La journée de jeudi se passe aussi chez Sarika avec qui l’on travaille sur les différents réseaux sociaux et la newsletter de l’association. On apprend ce soir que Sarika a reçu un message WhatsApp envoyé par une jeune fille avec qui nous avions parlé la veille dans la rue : la présidente de l’ONG nous félicite chaleureusement et semble très fière de nous ! Pour le déjeuner, on se fait livrer des pizzas et, surprise ! Les pizzas Dominos sont beaucoup moins grasses en Inde qu’en France. Marine et moi décidons de garder les quelques parts restantes : le soir-même, on les offre à trois petits garçons assis seuls et pieds-nus dans la rue, comme nous avions fait la veille avec notre reste de riz. L’immense sourire qu’ils nous rendent vaut largement le prix de toutes les pizzas du monde… Disons que la grande pauvreté est tellement présente ici qu’il serait absolument impossible pour nous de donner un billet à chacun… On décide alors de garder automatiquement nos restes et de toujours avoir un paquet de gâteaux sur nous.
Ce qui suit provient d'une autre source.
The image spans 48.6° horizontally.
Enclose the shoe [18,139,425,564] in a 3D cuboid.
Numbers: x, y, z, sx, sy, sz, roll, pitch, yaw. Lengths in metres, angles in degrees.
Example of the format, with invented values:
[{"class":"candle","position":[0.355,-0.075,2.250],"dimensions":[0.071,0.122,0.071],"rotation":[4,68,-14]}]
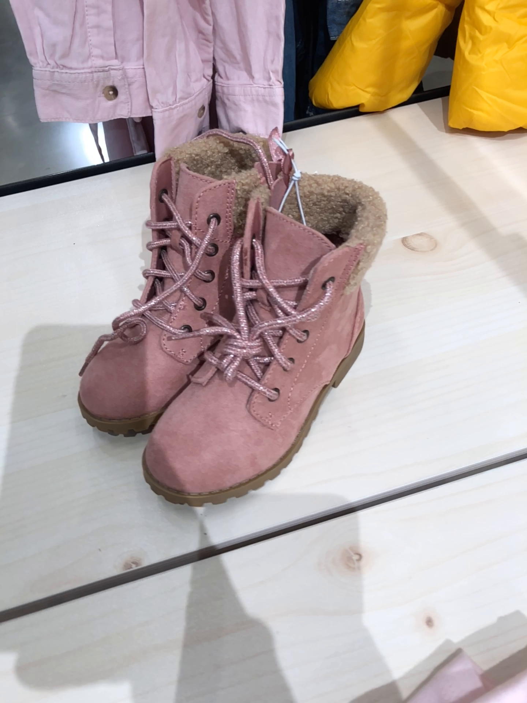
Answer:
[{"class":"shoe","position":[-0.007,-0.004,0.289],"dimensions":[0.080,0.120,0.160],"rotation":[34,59,31]}]

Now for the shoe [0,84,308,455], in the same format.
[{"class":"shoe","position":[-0.060,-0.049,0.325],"dimensions":[0.080,0.120,0.160],"rotation":[34,59,31]}]

Vers 20h, Marine et moi retrouvons Rahul à Seawoods dans un immense mall à l’américaine construit il y a quelques mois. Il nous présente Mariyan, un nouvel intern anglais de 21 ans qui fait partie du projet « Village Development » auquel nous participerons aussi et qui commence dans une semaine. Une fois de plus, je suis largement plus jeune que les autres interns que je rencontre et ils sont tous surpris d’apprendre que je fêterai mes 18 ans avec eux dans une dizaine de jours. Mariyan est très sympathique et dynamique, on lui parle de nos projets de voyages et de visites ce week-end dans le centre de Mumbai et dans quelques semaines dans le nord de l’Inde. Il est tout de suite très enthousiaste et désireux de se joindre à nous, ce qui est une bonne nouvelle pour Marine et moi qui avons du mal à motiver certaines bénévoles à sortir de l’auberge… Le voyage dans le nord de l’Inde est déjà en cours de préparation : Marine rentre en France le 6 juillet, on voyage donc du 27 juin au 5 juillet. 5 villes en 8 jours, du Rajasthan au Pendjab en passant bien-sûr par Dehli et Agra…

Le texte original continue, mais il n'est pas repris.